17th century
Prune Tart
Prune tarts have always been my favourite. They are traditionally eaten in my hometown of Antwerp on Ash Wednesday, though nobody knows exactly why. I haven’t been able to find out why this is a tradition unique to Antwerp. On Ash Wednesday the shopfronts of the bakeries showcase prune tarts – some open, some with a lattice top. I prefer as little pastry as possible, as the bakeries often use a lot of sugar in their pastry.
This recipe by Gervase Markham instructs the cook to stew the prunes in the oven while they bake bread. I do that too, but rather with a pot of stew bubbling away slowly so that the prunes give off their maximum flavour, and they do have a beautiful flavour; I can only describe it as dark and luxurious. Markham tells us to make templates of all kinds of shapes for the tart pastry. He then instructs us to cut out the shapes in the prepared pastry and pinch the sides up to make a pastry case, which you can bake in advance. After baking you can use the case when you need it and fill them with this thick, rich, gloriously dark prune jam.

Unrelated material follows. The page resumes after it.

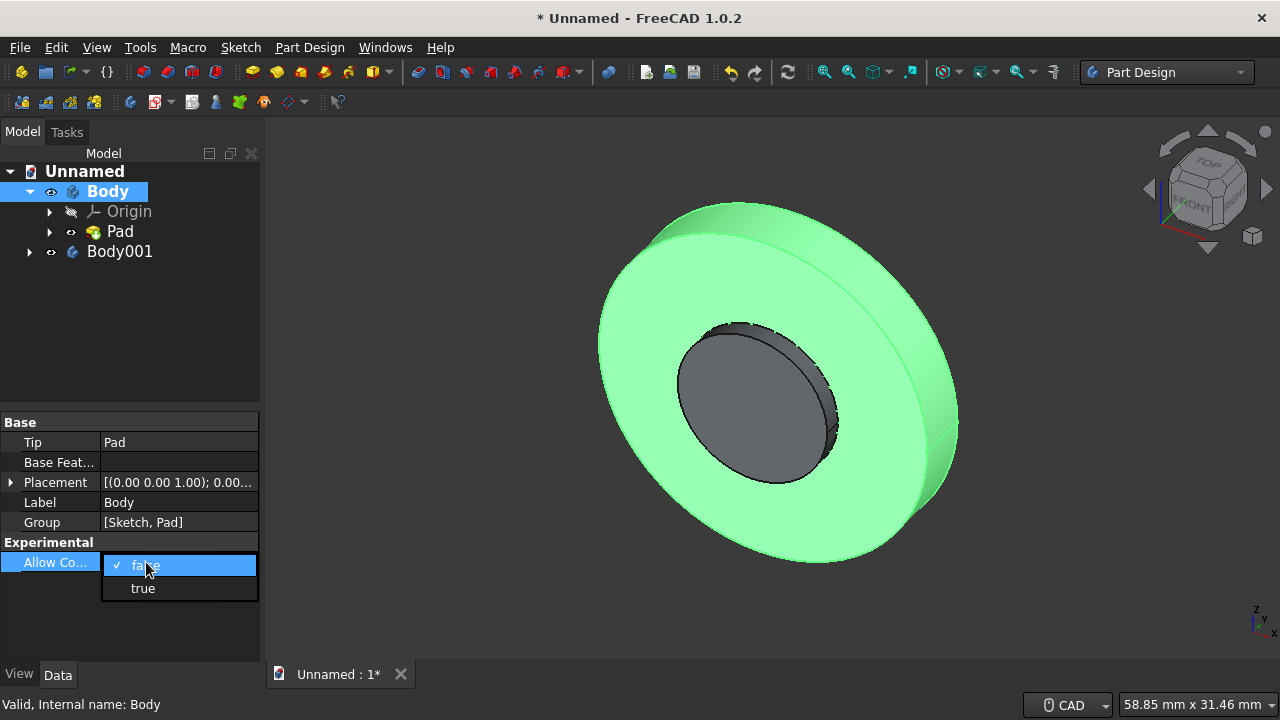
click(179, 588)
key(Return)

Take of the fairest Damask Prunes you can get, and put them in a clean Pipkin, with fair water, Sugar unbruised Cinnamon, and a branch or two of Rosemary, and if you have bread to bake, stew them in the Oven with your bread: if otherwise, stew them on the fire. When they are stewed, then bruise them all to mash in their syrup, and strain them into a clean dish; then boil it over again with Sugar, Cinnamon and Rose-water, till it be as thick as Marmalade: then set it to cool, then make a reasonable tough paste with fine flower, Water, and a little butter, and roll it out very thin: then having patterns of paper cut into divers proportions, as Beasts, Birds, Arms, Knots, Flowers, and such like. Lay the patterns on the paste, and so cut them accordingly: then with your fingers pinch up the edges of the paste, and set the work in good proportion: then prick it well all over for rising, and set it on a clean sheet of large Paper, and so set it into the Oven, and bake it hard: then draw it, and set it by to cool: and thus you may do by a whole Oven full at one time, as your occasion of expense is: then against the time of Service come, take of the Confections of Prunes before rehearsed, and with your Knife or a spoon fill the Coffin according to the thickness of the Verge, then strew it over with Caraway Comfits, and prick long Comfits upright in it, and so taking the Paper from the bottom, serve it on a Plate or in a Dish or Charger according to the bigness of the Tart, and at the second course; and this Tart carrieth the colour black.